Figure 5Dipole moments of RNA-binding proteins in complexed structure compared with their independently solved monomeric form.
Figure 6Quadrupole moments of RNA-binding proteins in complexed structure compared with their independently solved monomeric form.

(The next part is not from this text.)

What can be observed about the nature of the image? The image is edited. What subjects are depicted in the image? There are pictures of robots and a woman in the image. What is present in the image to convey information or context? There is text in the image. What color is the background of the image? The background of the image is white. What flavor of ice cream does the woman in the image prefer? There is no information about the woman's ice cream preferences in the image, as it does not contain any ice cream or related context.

Figure 7Superimposed structures of pairs of RBPs in RNA-complexed structure and their unbound monomeric forms. Figure on the left shows complexed and unbound monomeric pairs of 30S ribosomal protein S16 (Complex PDB ID 1hnw_P in red, unbound PDB ID 1emw_A in blue) and on the right a pair of Zinc finger structures in complex (1un6_B, blue) and unbound forms (2j7j_A, red) have been shown. Dipole and quadrupole moment values for Ribosomal protein S16 remain almost unchanged despite undergoing conformational changes (Table 5), whereas zinc finger pairs show a significant difference in the two variations. However, this protein (zinc finger) is a rare example of very large conformational changes in RBPs and in the compared pairs in Table 4, is the only exception to all other pairs, where complex and unbound structures have similar values of moments. This exception was further analyzed to reveal that the moments in the individual domains remain largely unchanged.
Electric moments of three domains in Zinc finger, which undergoes very large conformational change.
| Domain | Dipole moment (bound; 1un6) | Dipole moment (unbound; 2j7j) | Quadrupole moment (bound; 1un6) | Quardrupole moment (unbound; 2j7j) |
|---|---|---|---|---|
| Domain I (1-28) | 5.5 | 5.4 | 5.1 | 5.3 |
| DomainII (29-57) | 6.0 | 6.0 | 7.6 | 6.2 |
| Domain III (58-87) | 3.3 | 3.6 | 4.3 | 4.8 |
Figure 8Distribution of positively charged (Lys and Arg) residues (blue surface filled) and negatively charged (Asp and Glu) residues (red surface filled) in HI1333, a hypothetical protein from Haemophilus influenzae (PDB ID 1JO0) from the protein data bank. Protein has a significantly high dipole moment and its RNA-binding region seems to be clearly separated from the negatively charged region by a vertical plane.